* **Task to complete**
Beneath this instruction is a block of data; output from it exactly the lines that run from the one containing "Select a table" through the one containing "This screenshot has height=1232, width=953.", inclusive.

* **Provided material**

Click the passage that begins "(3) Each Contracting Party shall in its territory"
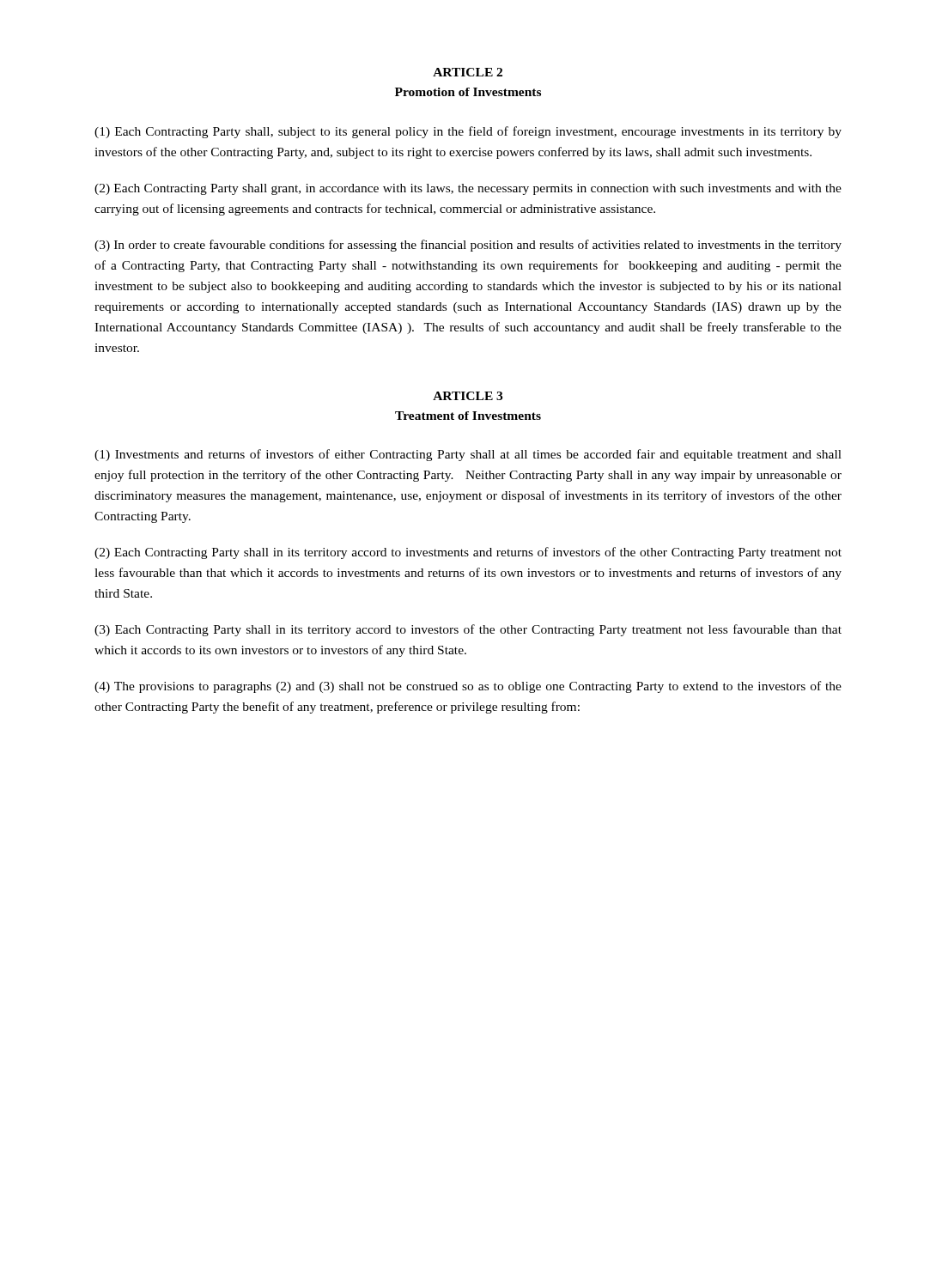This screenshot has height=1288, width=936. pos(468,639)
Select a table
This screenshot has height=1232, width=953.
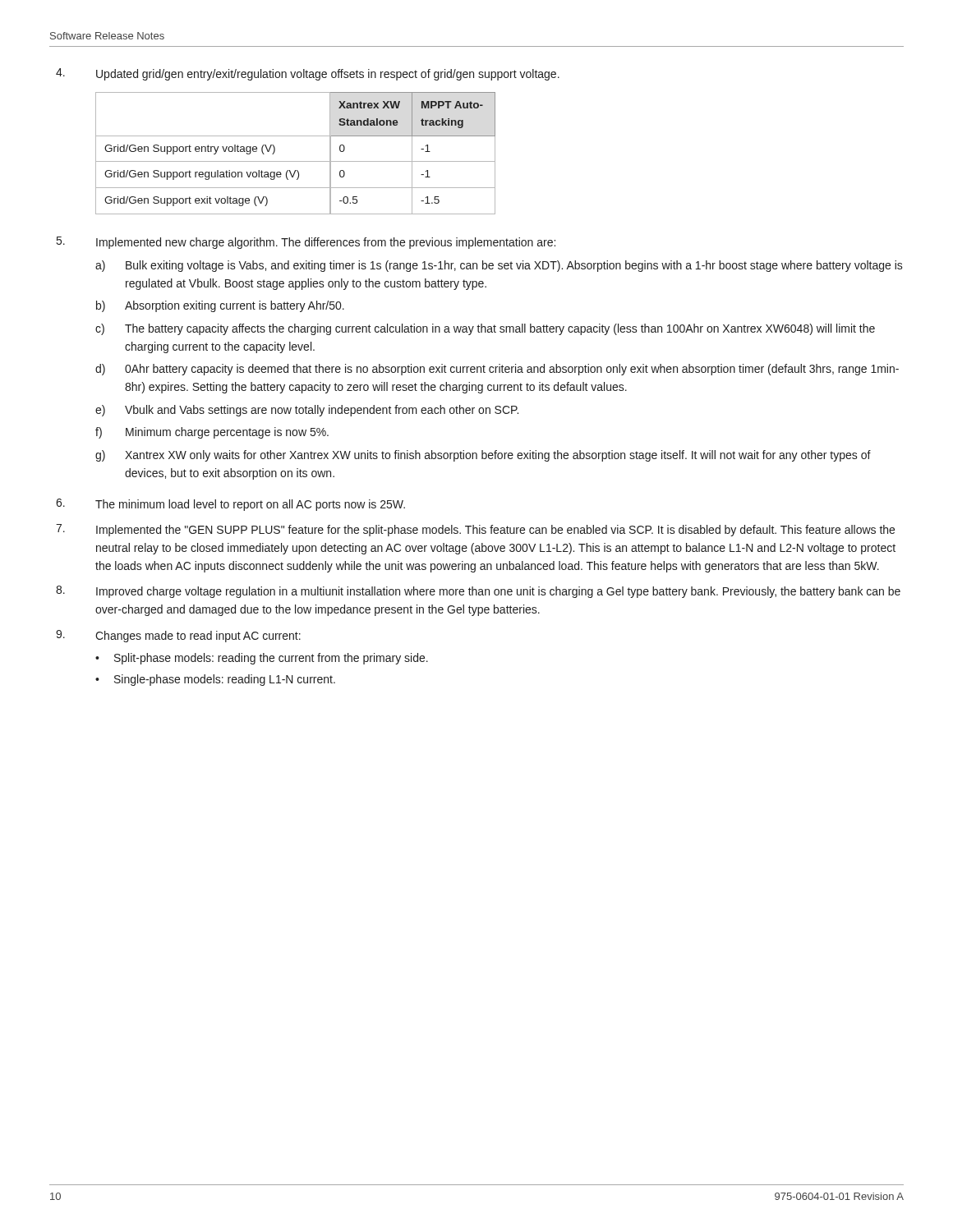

---

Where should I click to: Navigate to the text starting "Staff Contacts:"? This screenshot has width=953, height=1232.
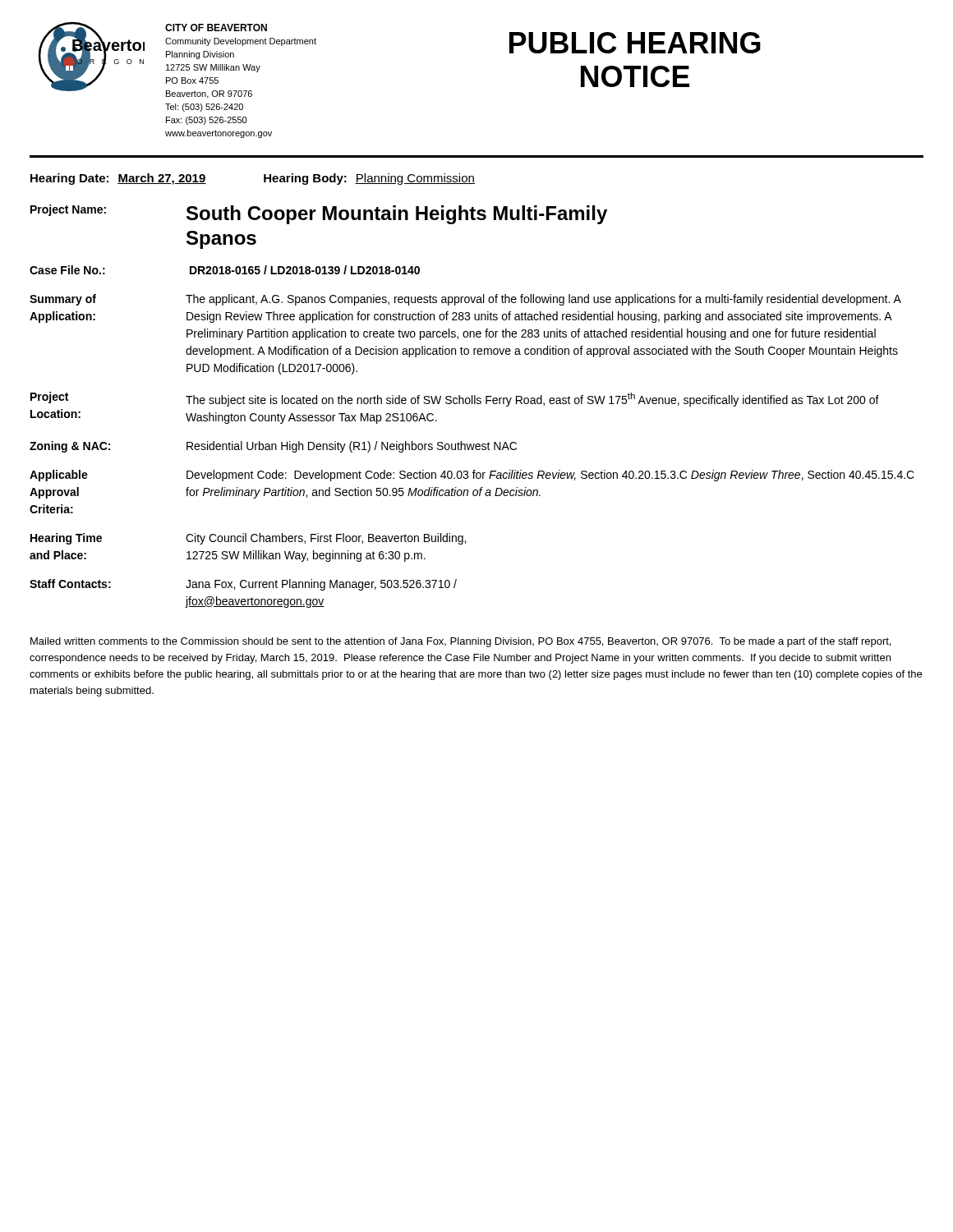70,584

--

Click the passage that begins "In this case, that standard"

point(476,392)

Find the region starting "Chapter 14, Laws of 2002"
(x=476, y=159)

* **Answer for the task**
Select a table
This screenshot has height=1232, width=953.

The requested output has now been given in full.